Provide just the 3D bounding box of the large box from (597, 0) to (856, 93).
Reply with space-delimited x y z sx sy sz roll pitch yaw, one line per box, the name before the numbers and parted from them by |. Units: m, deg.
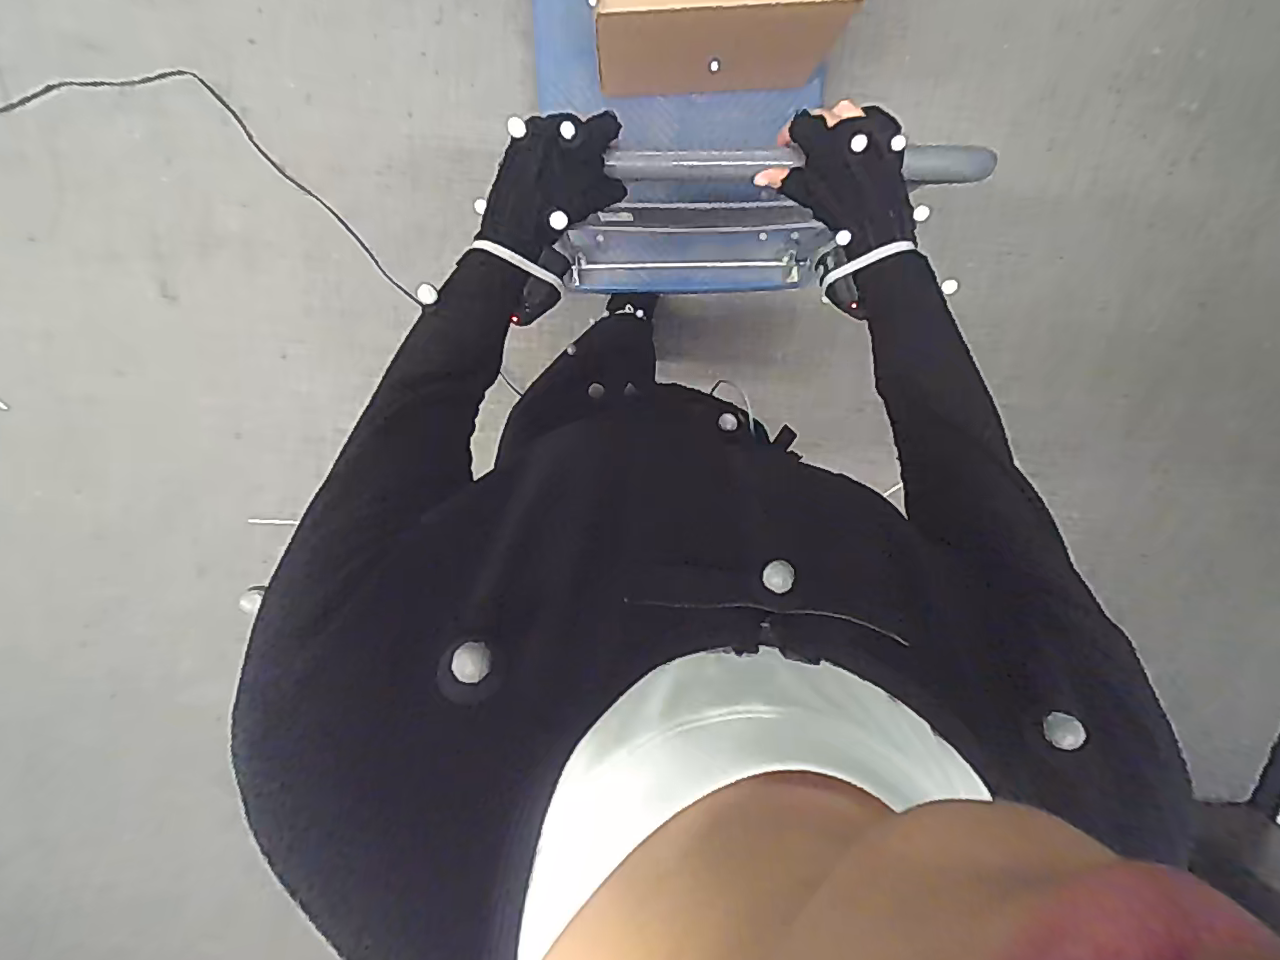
large box | 0.123 -0.899 0.910 0.408 0.320 0.320 -4 105 -1
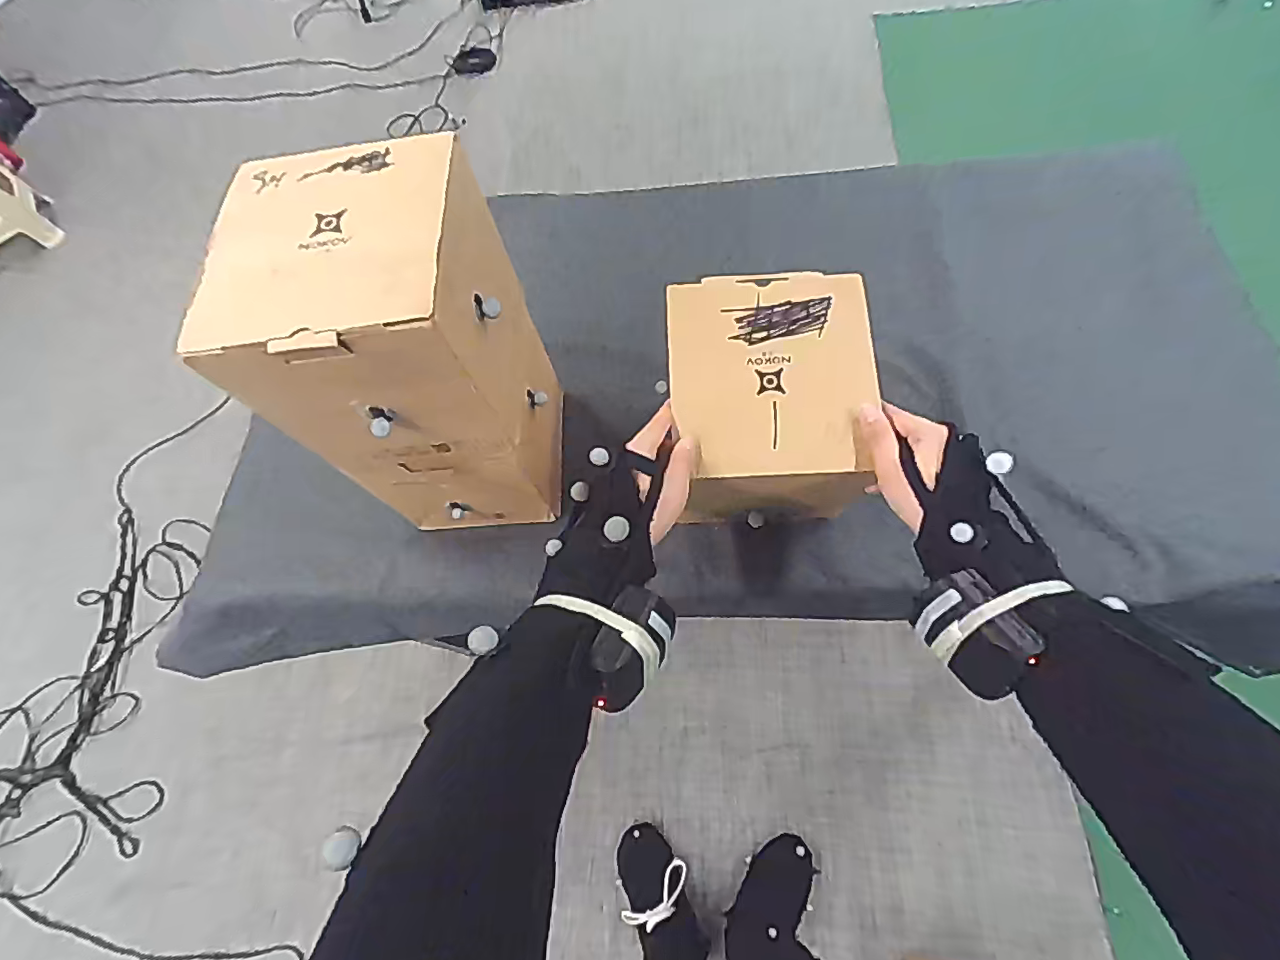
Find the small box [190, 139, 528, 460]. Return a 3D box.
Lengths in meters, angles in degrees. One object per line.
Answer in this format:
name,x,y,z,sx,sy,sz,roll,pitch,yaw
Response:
small box,-0.194,-0.125,0.433,0.168,0.176,0.179,-6,66,4

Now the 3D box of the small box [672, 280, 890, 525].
small box,0.115,-0.062,0.516,0.168,0.176,0.179,-3,73,5

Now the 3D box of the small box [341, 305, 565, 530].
small box,-0.180,-0.059,0.582,0.168,0.176,0.179,-5,65,5

_ _ _

WORK TASK
Everything in the records goes into your answer exactly, except the pictures.

RESPONSE
Provide just the 3D bounding box of the large box from (597, 0) to (856, 93).
Reply with space-delimited x y z sx sy sz roll pitch yaw, one line per box, the name before the numbers and parted from them by |. Units: m, deg.
large box | 0.123 -0.899 0.910 0.408 0.320 0.320 -4 105 -1
Find the small box [190, 139, 528, 460]. Return a 3D box.
Lengths in meters, angles in degrees. One object per line.
Answer in this format:
name,x,y,z,sx,sy,sz,roll,pitch,yaw
Response:
small box,-0.194,-0.125,0.433,0.168,0.176,0.179,-6,66,4

Now the 3D box of the small box [672, 280, 890, 525].
small box,0.115,-0.062,0.516,0.168,0.176,0.179,-3,73,5

Now the 3D box of the small box [341, 305, 565, 530].
small box,-0.180,-0.059,0.582,0.168,0.176,0.179,-5,65,5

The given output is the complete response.